Interesting for an artist could be seeing art history as a record of techniques. Also, you can see a variety of roles taken up by artists at different times. Many did pious religious paintings for the church and more or less servile portraits for the rich. But there were also other ways. Albrecht Dürer (1471-1528) was a successful businessman with a logo that he protected. Martin Luther and fellow reformers opened a great market of protestant art for ordinary people on which the Cranach „dynasty“ of Wittenberg fed well.
Their culture – our culture
If you engage in contemporary art, you expect it to say something relevant about life as it is now. The same, of course, applies to previous art which was also once contemporary. In the 19th century, e. g., the affluent bourgeoisie loved to have their wealth depicted – the walls full of it, one image showing the lobsters you just ate, another perhaps showing the vehicles of the house and of course one showing the grand house itself. To-day those images are at best of interest as documentation.

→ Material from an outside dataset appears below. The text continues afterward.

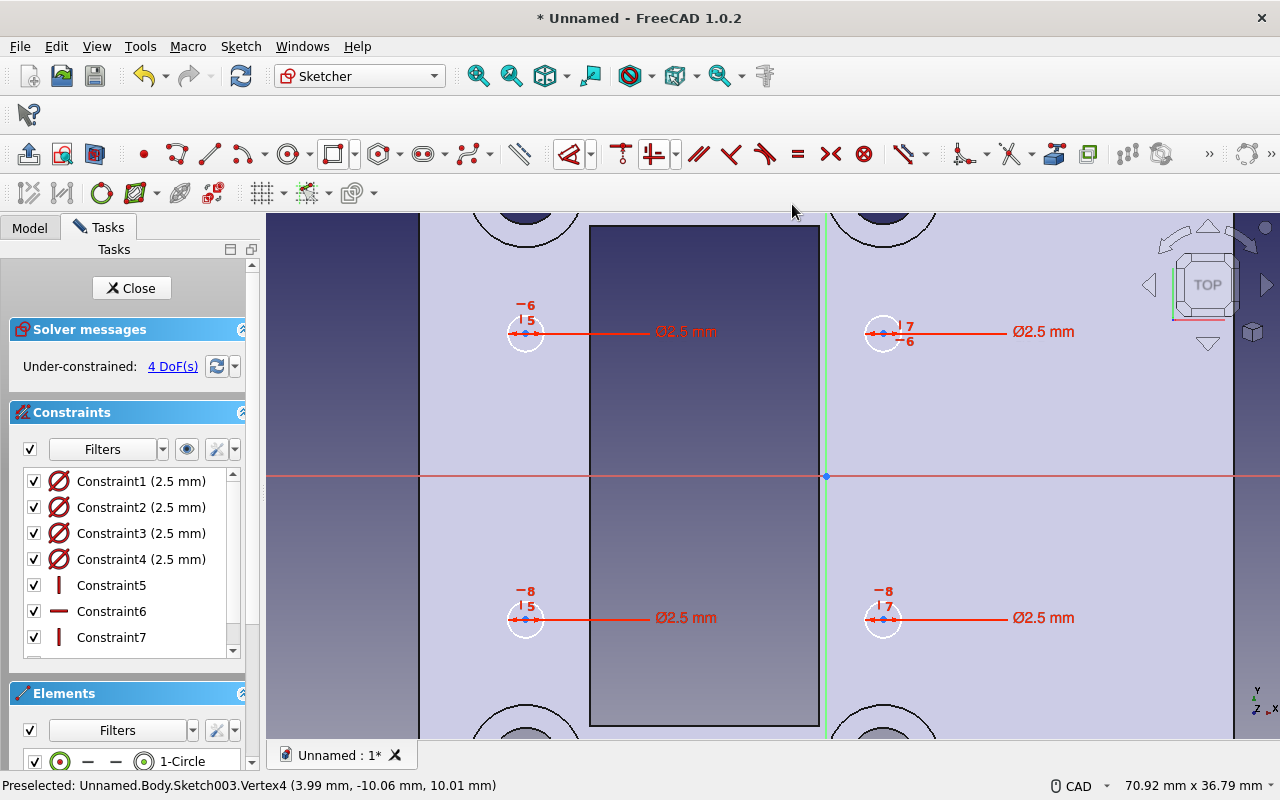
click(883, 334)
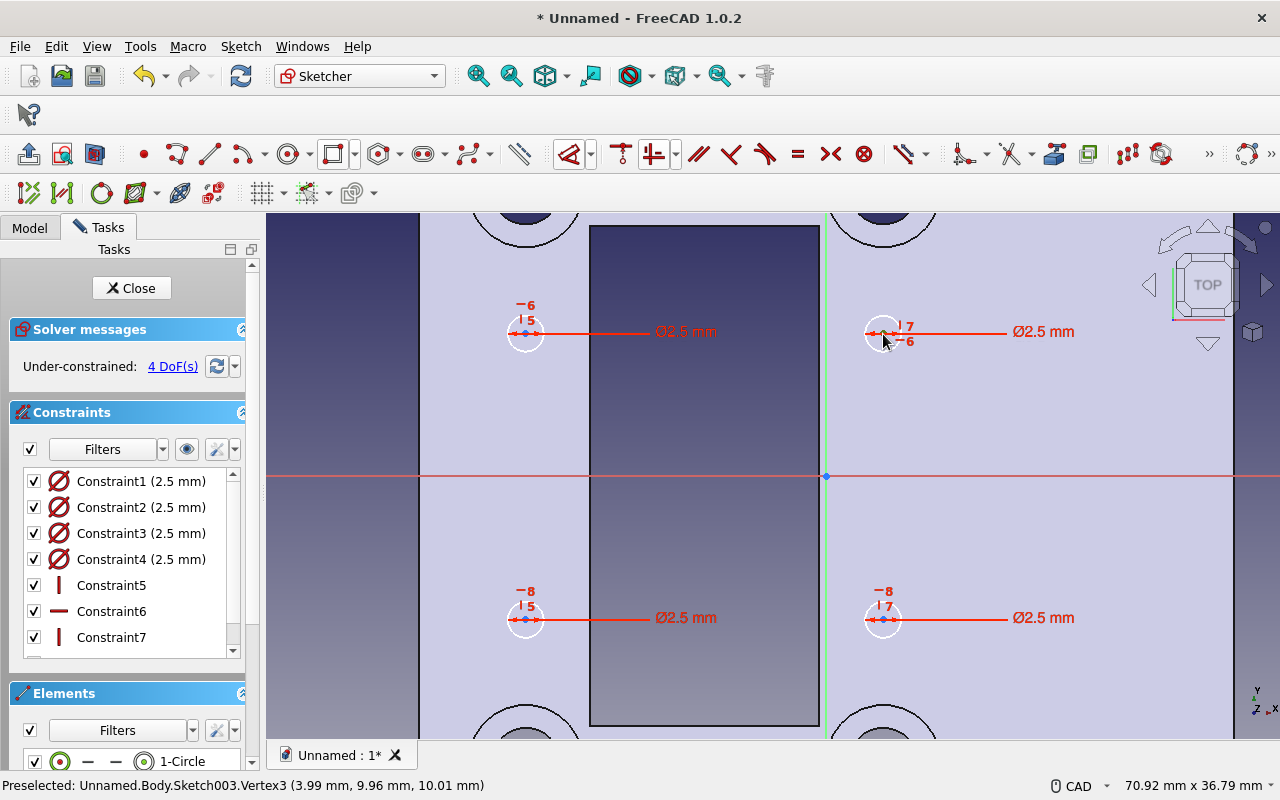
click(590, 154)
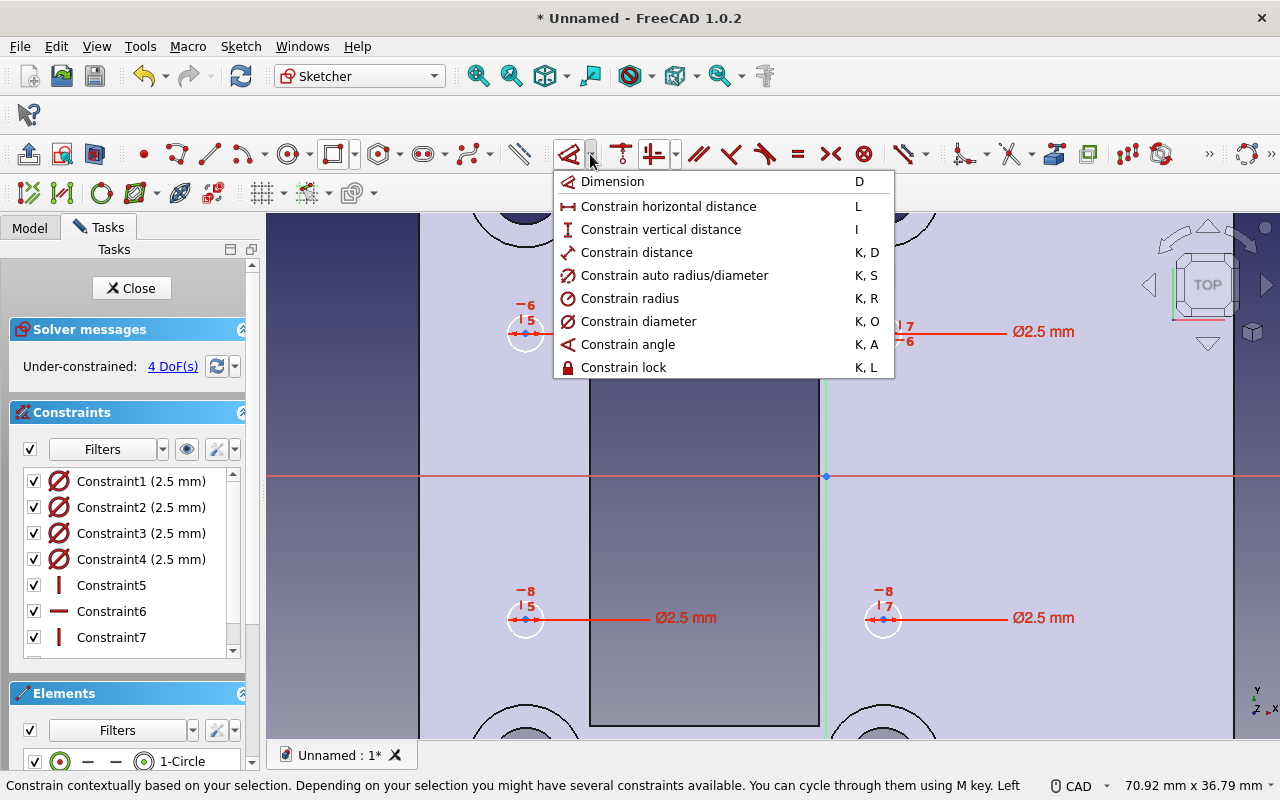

But can art of previous times shed light on the culture we live in to-day? (As your teacher may have had in mind.) How does contemporary art do it? By presenting itself to the public, of course, but what happens next? Then there is the public square.
The public square
The public square is much loved and sometimes missed, in particular by intellectuals and other middle-class people. The public square is where the common opinion of a society is developed and articulated.
In a democracy it is the most important institution next to elections. I will say that the quality of the public square is as essential to the functioning of a society as are fair and reliable elections. Anyone going for a dictatorship (on behalf of himself or on behalf of a group) will seek to destroy the public square (knowingly or by instinct) by changing it from open to closed.
The individual use of art – sensing, being touched, and reflecting on it – rests in culture. If you are touched by van Gogh’s painting of a chair, you know that you are not alone. As long as a renaissance painting can undergo the same critique (interpretation and assessment relating to common values) as contemporary art, it is part of OUR culture.
Artwork of the fortnight
If you did not know the Mona Lisa, you would not be one of us. You can deepen your belonging to “us” by deepening your relation to this image and other classical artworks that made us who we are.
However, if you don’t want to be the spiritual descendant of Leonardo da Vinci and other great Europeans, you can cut off your roots. You will probably not reach a great magnitude and barely have further offspring.
Personally (by today’s reviewing) I find the combination of face and hands touching. Both face and hands express tranquillity and at the same time alert presence. If the face is the soul, and the hands are action, this is a person who is the one she should be and (therefore) does what she should do (and vice versa).